Somit kann der Techniker von einem beliebigen Ort im Firmengelände im Fehlerfall sofort erkennen, was die Ursache ist und sofort gezielt eingreifen. können Fehlerbehebungen im optimalen Fall per Mausklick behoben werden. Falls in einer vorab einstellbaren Zeit keine Antwort von einem Modul gesendet wird, wird ein Alarm bzw. eine Meldung ausgelöst. Im Falle einer solchen Meldung öffnet sich eine vorher definierte Grafik auf der Bedienoberfläche. Diese ist auch noch mit zusätzlichen Informationen wie Alarmplänen oder möglichen Ursachen und Tätigkeiten zum Beenden der Störung hinterlegt. Das gewährt eine schnelle und effiziente Fehlerbehebung, die auch, falls nötig, vom Pförtner durchgeführt werden kann.

Das integrierte Logbuch ermöglicht ein eindeutiges Nachvollziehen und Überwachen im Störfall. Durch die integrierte Funktionalität Störmeldung per SMS werden auch Störungen oder ein Brandfall auf die Mobiltelefone der technischen Mitarbeiter gesendet, um eine Koordination und ein schnelles Eingreifen zu gewährleisten. Zudem erleichtert diese Funktionalität im Bereitschaftsfall ein schnelles Handeln und gewährt über die zusätzliche Ferndiagnose eine Aussage für den Pförtner. Dieser wiederum kann auch von seinem Platz aus z. B. im Falle einer Schlechtwetterfront die Glaskuppeln per Mausklick zufahren. Zudem kann der Pförtner mit einem Blick auf den Bildschirm selbst überprüfen, welche Fenster noch offen sind oder welchen Status die verschiedenen Anlagen haben und in einfachen Fällen selbst gezielt handeln, erläutert Thomas Röder, zuständig für die Instandhaltung im Unternehmen.

Somit wird über den Einsatz einer Visualisierung auch die Sicherheit einer Liegenschaft verbessert. Außerdem bietet sie, mit Zugriffsrechten per Paßwort verbunden, einen sicheren Zugangsschutz und eine zuverlässige Eingabesperre für unberechtigte Bediener. Mit dem direkt in der Visualisierung integrierten Reportwesen ist es möglich, zu der Überwachung und Bedienung auch direkt eine Dokumentation von Zuständen und Werteverläufen in vorhandene Reportvorlagen zu erhalten.

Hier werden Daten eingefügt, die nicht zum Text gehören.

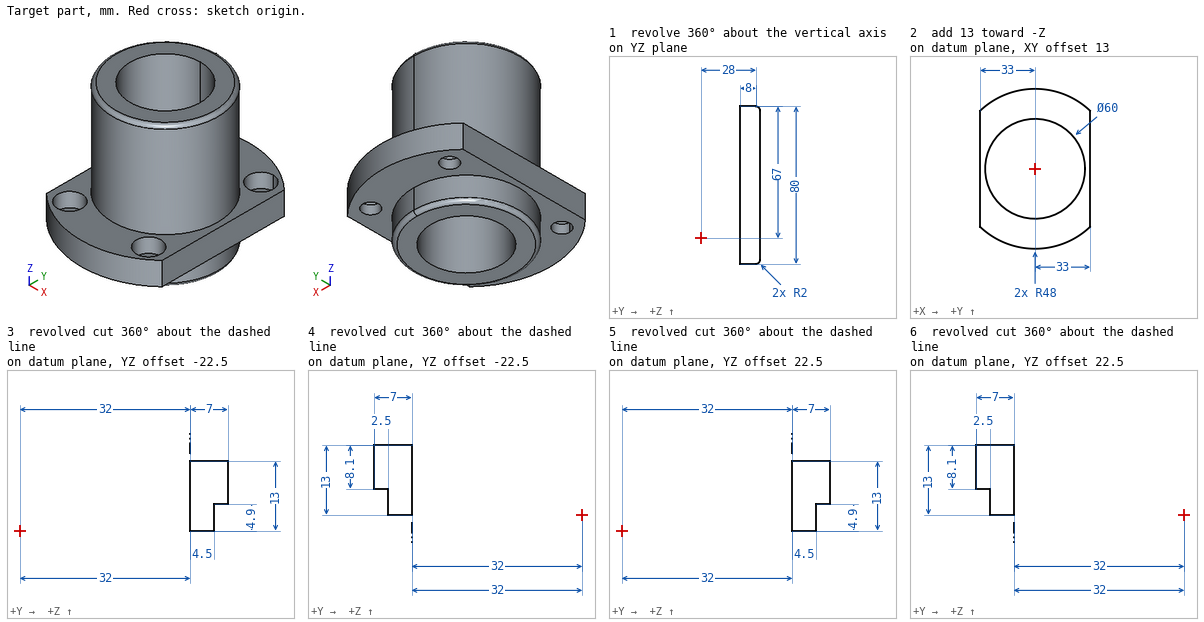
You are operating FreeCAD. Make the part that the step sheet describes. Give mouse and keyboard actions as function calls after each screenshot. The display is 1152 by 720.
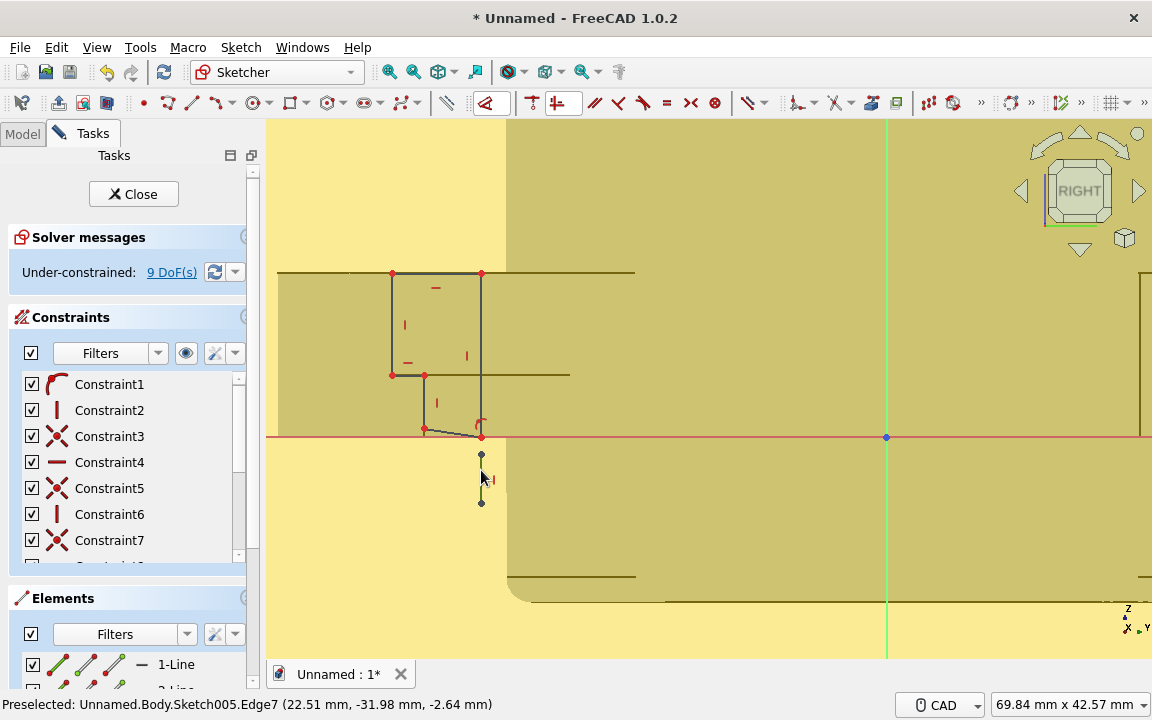
click(448, 104)

Diese dienen als Grundlage für eine Betriebsführung des Facility Managements und bringen somit auch eine tatsächliche Kostenerfassung z.B. vom Stromverbrauch an den Anlagen.

Fazit:
Mit der Einführung der Visualisierungslösung hat das Unternehmen einen wahren Quantensprung im Bedienkomfort und eine nicht unerhebliche Einsparung im Instandhaltungsbereich erreicht. Dieser Umstand bringt eine effiziente Instandhaltung der gesamten Gebäudetechnik in der Liegenschaft.